A Passion of the Mel.
When apprehended for drunk driving in Malibu last Friday, Mel Gibson claimed that “The Jews are responsible for all the wars in the world.” And, yeah, he said, “F— Jews,” something of a blanket statement. But, he insists, it’s nothing personal. According to his religious beliefs, everyone except those who follow his form of fundamentalist Catholicism (sometimes called “traditionalist Catholicism“) is going to hell anyway — and chances are, that includes you… and nearly everyone else in the world. Roman Catholics, Protestants (Baptists, Methodists, Lutherans, Presbyterians…), agnostics, Muslims, Buddhists, atheists, Hindus, Jains, Scientologists — they’re all going to hell. Along with the Jews. Even Mel’s Episcopalian wife is, he says, hellbound. As he told the Australian Herald Sun newspaper: “There is no salvation for those outside the Church. I believe it…. [My wife] prays, she believes in God, she knows Jesus, she believes in that stuff. And it’s just not fair if she doesn’t make it, she’s better than I am. But that is a pronouncement from the chair. I go with it.”

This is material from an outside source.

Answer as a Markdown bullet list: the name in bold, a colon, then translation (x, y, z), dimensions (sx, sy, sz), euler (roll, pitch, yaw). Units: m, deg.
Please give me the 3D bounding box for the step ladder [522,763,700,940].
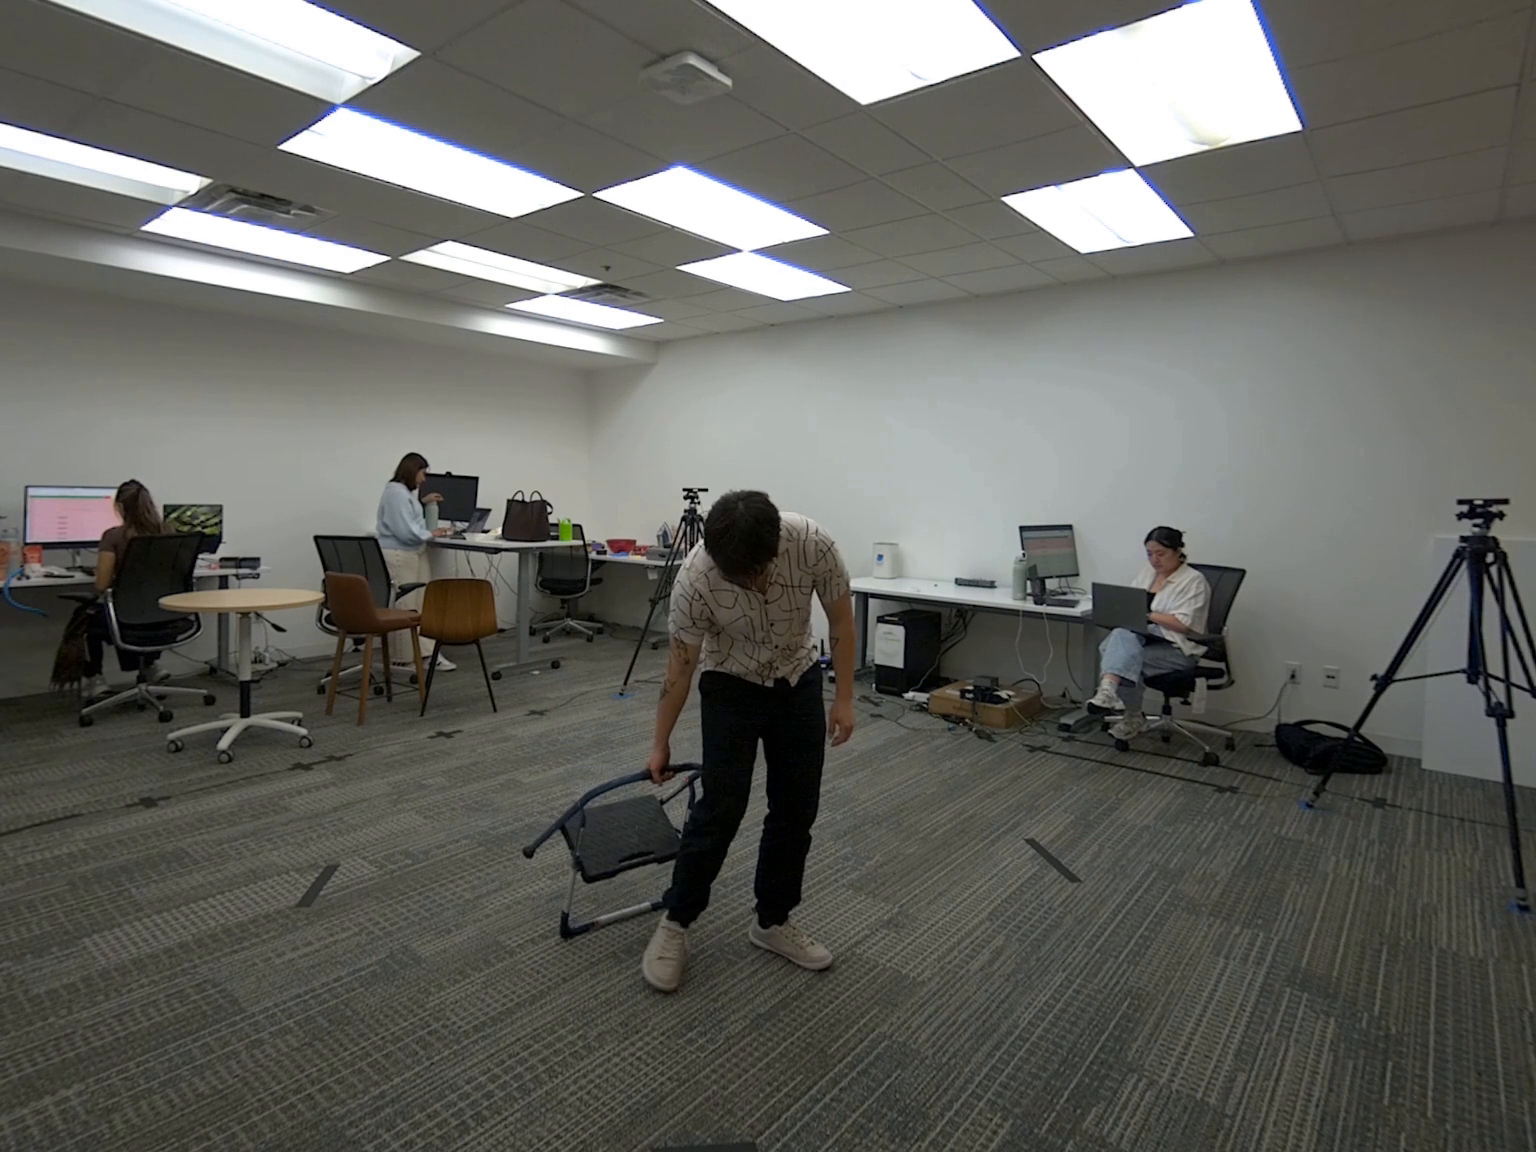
- **step ladder**: translation (-0.473, 0.764, 2.703), dimensions (0.418, 0.598, 0.364), euler (-3, 38, -38)

In his second apology, Gibson said: “The tenets of what I profess to believe necessitate that I exercise charity and tolerance as a way of life. Every human being is God’s child, and if I wish to honor my God I have to honor his children. But please know from my heart that I am not an anti-Semite. I am not a bigot. Hatred of any kind goes against my faith.” (The $64 million question remains: Just what in the world does someone have to do or say that might properly qualify as “anti-Semitic” or bigoted?) Gibson’s faith rejects the ecumenical reforms of Vatican II, among them a formal statement that Jews were not responsible for the death of Jesus — which is why the portrayal of the crucifixion in Gibson’s “The Passion of the Christ” was particularly egregious to some — including the ADL’s Abraham Foxman, the same man who accepted Gibson’s most recent apology.
Pope John XXIII said: “”What happened in [Christ’s] passion cannot be charged against all the Jews, without distinction, then alive, nor against the Jews of today.” Those words don’t wash with the congregation of “The Church of the Holy Family in Malibu.” Gibson’s statements about religion, and particularly about Judaism, have been complicated by the religious beliefs he shares with his father, Hutton Gibson, who claims the attacks of 9/11 were perpetrated via remote control by Zionists, and who has associated himself with Holocaust deniers, although the son says his father merely disputes the number of Jewish victims: “My dad taught me my faith and I believe what he taught me. The man never lied to me in his life. […] I have friends and parents of friends who have numbers on their arms. The guy who taught me Spanish was a Holocaust survivor. He worked in a concentration camp in France. Yes, of course. And my dad also knows that there were internment camps where many people died. Now, his whole thing was about the numbers. I mean atrocities happened. The thing with him [my father] was that he was talking about numbers. I mean when the war was over they said it was 12 million. Then it was six. Now it’s four. I mean it’s that kind of numbers game. I mean war is horrible. The Second World War killed tens of millions of people. Some of them were Jews in concentration camps. Many people lost their lives. In the Ukraine, several million people starved to death between 1932 and 1933. During the last century 20 million people died in the Soviet Union. Okay? It’s horrible.”
(For further information, see “Disown Your Dad’s Denial of the Holocaust, Gibson Told” — The Australian, December 8, 2005.) Meanwhile, ABC has cancelled the Holocaust miniseries it was developing with Gibson’s Icon Productions, saying no script was ever delivered.